(Data extracted from a collection)
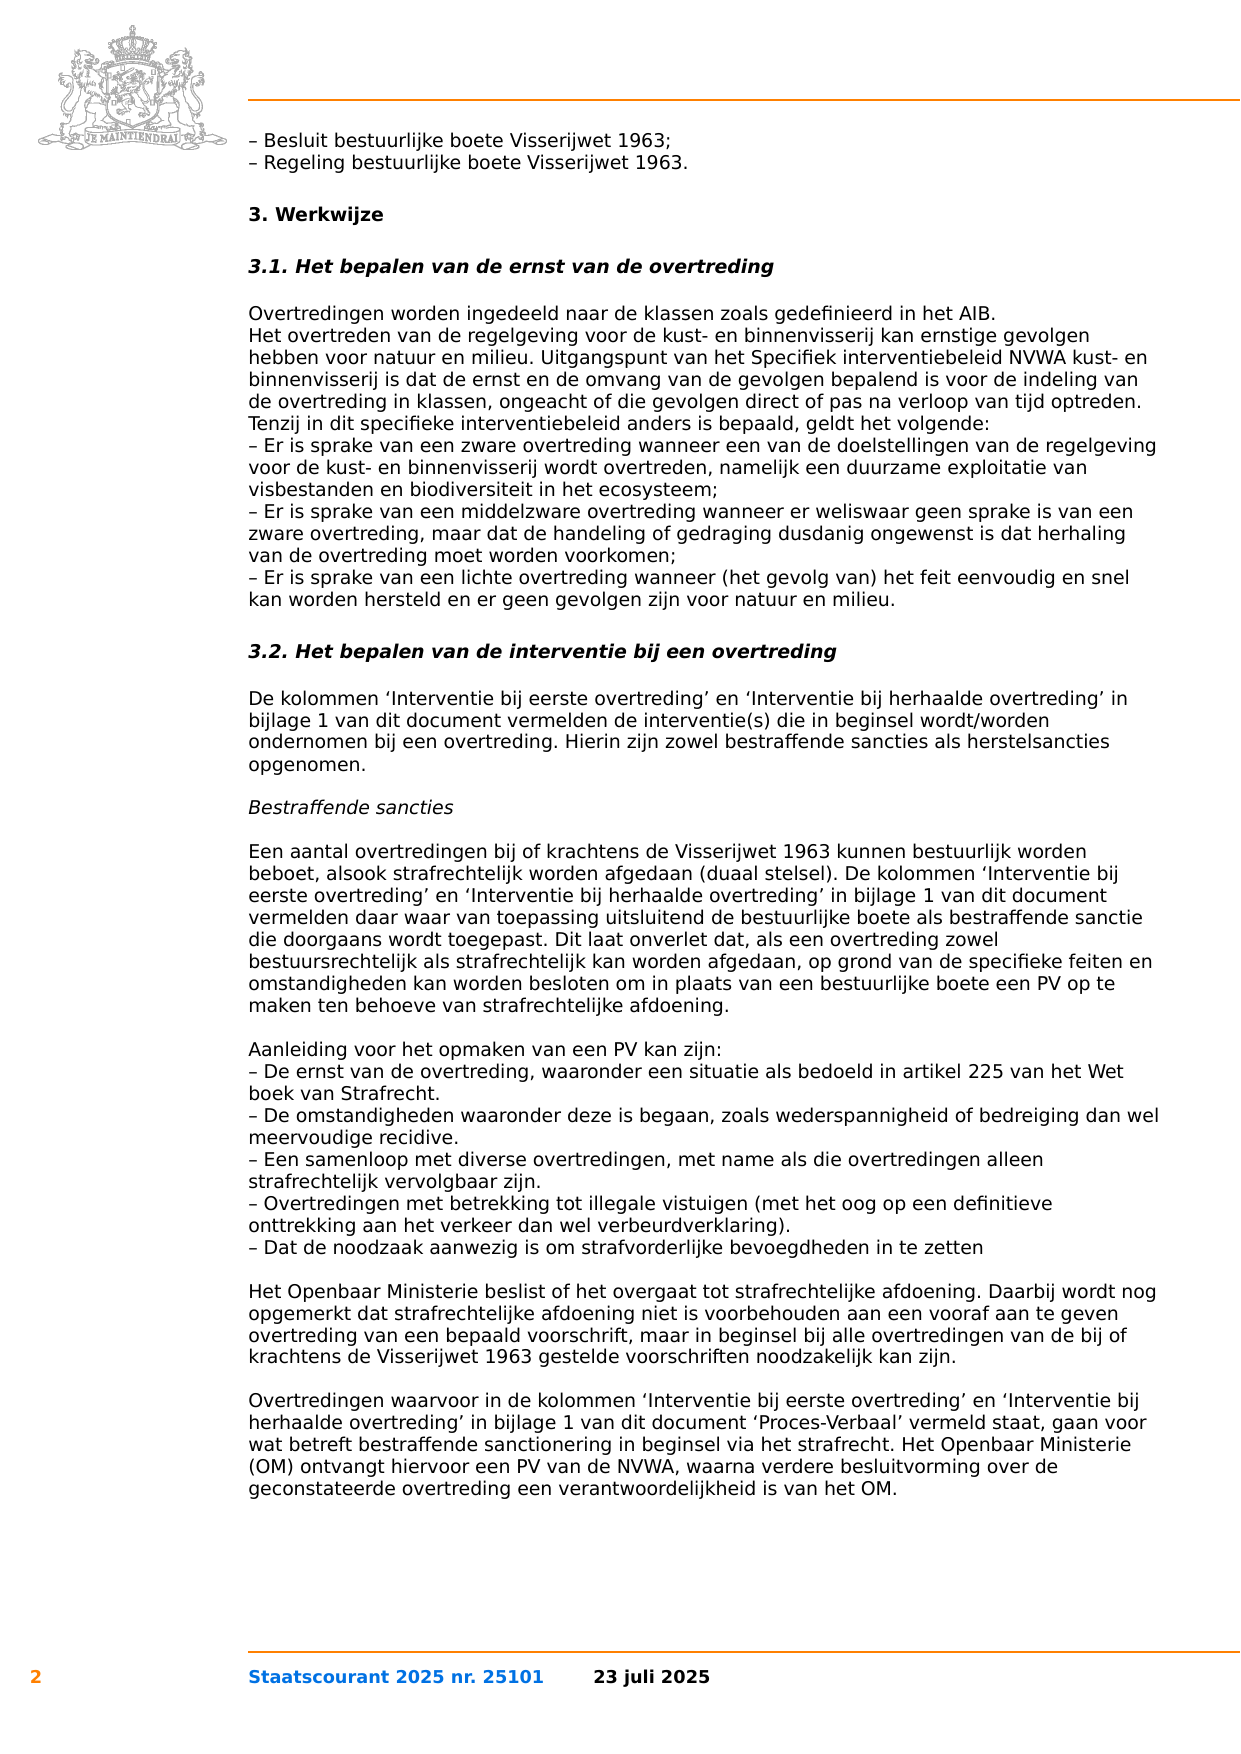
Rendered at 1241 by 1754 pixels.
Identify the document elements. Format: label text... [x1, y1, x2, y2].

text – Een samenloop met diverse overtredingen, met name als die overtredingen alleen strafrechtelijk vervolgbaar zijn. [248, 1149, 1163, 1193]
text Het overtreden van de regelgeving voor de kust- en binnenvisserij kan ernstige gevolgen hebben voor natuur en milieu. Uitgangspunt van het Specifiek interventiebeleid NVWA kust- en binnenvisserij is dat de ernst en de omvang van de gevolgen bepalend is voor de indeling van de overtreding in klassen, ongeacht of die gevolgen direct of pas na verloop van tijd optreden. Tenzij in dit specifieke interventiebeleid anders is bepaald, geldt het volgende: [248, 325, 1163, 435]
text – De ernst van de overtreding, waaronder een situatie als bedoeld in artikel 225 van het Wet boek van Strafrecht. [248, 1061, 1163, 1105]
text Overtredingen worden ingedeeld naar de klassen zoals gedefinieerd in het AIB. [248, 303, 1163, 325]
text – Overtredingen met betrekking tot illegale vistuigen (met het oog op een definitieve onttrekking aan het verkeer dan wel verbeurdverklaring). [248, 1193, 1163, 1237]
text – Besluit bestuurlijke boete Visserijwet 1963; [248, 130, 1163, 152]
text Het Openbaar Ministerie beslist of het overgaat tot strafrechtelijke afdoening. Daarbij wordt nog opgemerkt dat strafrechtelijke afdoening niet is voorbehouden aan een vooraf aan te geven overtreding van een bepaald voorschrift, maar in beginsel bij alle overtredingen van de bij of krachtens de Visserijwet 1963 gestelde voorschriften noodzakelijk kan zijn. [248, 1281, 1163, 1368]
picture [38, 25, 227, 150]
text Aanleiding voor het opmaken van een PV kan zijn: [248, 1039, 1163, 1061]
text – Er is sprake van een zware overtreding wanneer een van de doelstellingen van de regelgeving voor de kust- en binnenvisserij wordt overtreden, namelijk een duurzame exploitatie van visbestanden en biodiversiteit in het ecosysteem; [248, 435, 1163, 501]
text – Er is sprake van een lichte overtreding wanneer (het gevolg van) het feit eenvoudig en snel kan worden hersteld en er geen gevolgen zijn voor natuur en milieu. [248, 567, 1163, 611]
subtitle 3.2. Het bepalen van de interventie bij een overtreding [248, 641, 1163, 662]
subtitle Bestraffende sancties [248, 797, 1163, 819]
subtitle 3.1. Het bepalen van de ernst van de overtreding [248, 256, 1163, 278]
text Overtredingen waarvoor in de kolommen ‘Interventie bij eerste overtreding’ en ‘Interventie bij herhaalde overtreding’ in bijlage 1 van dit document ‘Proces-Verbaal’ vermeld staat, gaan voor wat betreft bestraffende sanctionering in beginsel via het strafrecht. Het Openbaar Ministerie (OM) ontvangt hiervoor een PV van de NVWA, waarna verdere besluitvorming over de geconstateerde overtreding een verantwoordelijkheid is van het OM. [248, 1390, 1163, 1500]
text – Regeling bestuurlijke boete Visserijwet 1963. [248, 152, 1163, 174]
text – Er is sprake van een middelzware overtreding wanneer er weliswaar geen sprake is van een zware overtreding, maar dat de handeling of gedraging dusdanig ongewenst is dat herhaling van de overtreding moet worden voorkomen; [248, 501, 1163, 567]
text – De omstandigheden waaronder deze is begaan, zoals wederspannigheid of bedreiging dan wel meervoudige recidive. [248, 1105, 1163, 1149]
text – Dat de noodzaak aanwezig is om strafvorderlijke bevoegdheden in te zetten [248, 1237, 1163, 1259]
subtitle 3. Werkwijze [248, 204, 1163, 226]
text De kolommen ‘Interventie bij eerste overtreding’ en ‘Interventie bij herhaalde overtreding’ in bijlage 1 van dit document vermelden de interventie(s) die in beginsel wordt/worden ondernomen bij een overtreding. Hierin zijn zowel bestraffende sancties als herstelsancties opgenomen. [248, 687, 1163, 775]
text Een aantal overtredingen bij of krachtens de Visserijwet 1963 kunnen bestuurlijk worden beboet, alsook strafrechtelijk worden afgedaan (duaal stelsel). De kolommen ‘Interventie bij eerste overtreding’ en ‘Interventie bij herhaalde overtreding’ in bijlage 1 van dit document vermelden daar waar van toepassing uitsluitend de bestuurlijke boete als bestraffende sanctie die doorgaans wordt toegepast. Dit laat onverlet dat, als een overtreding zowel bestuursrechtelijk als strafrechtelijk kan worden afgedaan, op grond van de specifieke feiten en omstandigheden kan worden besloten om in plaats van een bestuurlijke boete een PV op te maken ten behoeve van strafrechtelijke afdoening. [248, 841, 1163, 1017]

PROMPT » Leave out the pictures and output every record above precisely as given.

OUTPUT OF THE EXERCISE »
Rendered at 1241 by 1754 pixels.
Identify the document elements. Format: label text... [x1, y1, x2, y2].

text – Een samenloop met diverse overtredingen, met name als die overtredingen alleen strafrechtelijk vervolgbaar zijn. [248, 1149, 1163, 1193]
text Het overtreden van de regelgeving voor de kust- en binnenvisserij kan ernstige gevolgen hebben voor natuur en milieu. Uitgangspunt van het Specifiek interventiebeleid NVWA kust- en binnenvisserij is dat de ernst en de omvang van de gevolgen bepalend is voor de indeling van de overtreding in klassen, ongeacht of die gevolgen direct of pas na verloop van tijd optreden. Tenzij in dit specifieke interventiebeleid anders is bepaald, geldt het volgende: [248, 325, 1163, 435]
text – De ernst van de overtreding, waaronder een situatie als bedoeld in artikel 225 van het Wet boek van Strafrecht. [248, 1061, 1163, 1105]
text Overtredingen worden ingedeeld naar de klassen zoals gedefinieerd in het AIB. [248, 303, 1163, 325]
text – Overtredingen met betrekking tot illegale vistuigen (met het oog op een definitieve onttrekking aan het verkeer dan wel verbeurdverklaring). [248, 1193, 1163, 1237]
text – Besluit bestuurlijke boete Visserijwet 1963; [248, 130, 1163, 152]
text Het Openbaar Ministerie beslist of het overgaat tot strafrechtelijke afdoening. Daarbij wordt nog opgemerkt dat strafrechtelijke afdoening niet is voorbehouden aan een vooraf aan te geven overtreding van een bepaald voorschrift, maar in beginsel bij alle overtredingen van de bij of krachtens de Visserijwet 1963 gestelde voorschriften noodzakelijk kan zijn. [248, 1281, 1163, 1368]
picture [38, 25, 227, 150]
text Aanleiding voor het opmaken van een PV kan zijn: [248, 1039, 1163, 1061]
text – Er is sprake van een zware overtreding wanneer een van de doelstellingen van de regelgeving voor de kust- en binnenvisserij wordt overtreden, namelijk een duurzame exploitatie van visbestanden en biodiversiteit in het ecosysteem; [248, 435, 1163, 501]
text – Er is sprake van een lichte overtreding wanneer (het gevolg van) het feit eenvoudig en snel kan worden hersteld en er geen gevolgen zijn voor natuur en milieu. [248, 567, 1163, 611]
subtitle 3.2. Het bepalen van de interventie bij een overtreding [248, 641, 1163, 662]
subtitle Bestraffende sancties [248, 797, 1163, 819]
subtitle 3.1. Het bepalen van de ernst van de overtreding [248, 256, 1163, 278]
text Overtredingen waarvoor in de kolommen ‘Interventie bij eerste overtreding’ en ‘Interventie bij herhaalde overtreding’ in bijlage 1 van dit document ‘Proces-Verbaal’ vermeld staat, gaan voor wat betreft bestraffende sanctionering in beginsel via het strafrecht. Het Openbaar Ministerie (OM) ontvangt hiervoor een PV van de NVWA, waarna verdere besluitvorming over de geconstateerde overtreding een verantwoordelijkheid is van het OM. [248, 1390, 1163, 1500]
text – Regeling bestuurlijke boete Visserijwet 1963. [248, 152, 1163, 174]
text – Er is sprake van een middelzware overtreding wanneer er weliswaar geen sprake is van een zware overtreding, maar dat de handeling of gedraging dusdanig ongewenst is dat herhaling van de overtreding moet worden voorkomen; [248, 501, 1163, 567]
text – De omstandigheden waaronder deze is begaan, zoals wederspannigheid of bedreiging dan wel meervoudige recidive. [248, 1105, 1163, 1149]
text – Dat de noodzaak aanwezig is om strafvorderlijke bevoegdheden in te zetten [248, 1237, 1163, 1259]
subtitle 3. Werkwijze [248, 204, 1163, 226]
text De kolommen ‘Interventie bij eerste overtreding’ en ‘Interventie bij herhaalde overtreding’ in bijlage 1 van dit document vermelden de interventie(s) die in beginsel wordt/worden ondernomen bij een overtreding. Hierin zijn zowel bestraffende sancties als herstelsancties opgenomen. [248, 687, 1163, 775]
text Een aantal overtredingen bij of krachtens de Visserijwet 1963 kunnen bestuurlijk worden beboet, alsook strafrechtelijk worden afgedaan (duaal stelsel). De kolommen ‘Interventie bij eerste overtreding’ en ‘Interventie bij herhaalde overtreding’ in bijlage 1 van dit document vermelden daar waar van toepassing uitsluitend de bestuurlijke boete als bestraffende sanctie die doorgaans wordt toegepast. Dit laat onverlet dat, als een overtreding zowel bestuursrechtelijk als strafrechtelijk kan worden afgedaan, op grond van de specifieke feiten en omstandigheden kan worden besloten om in plaats van een bestuurlijke boete een PV op te maken ten behoeve van strafrechtelijke afdoening. [248, 841, 1163, 1017]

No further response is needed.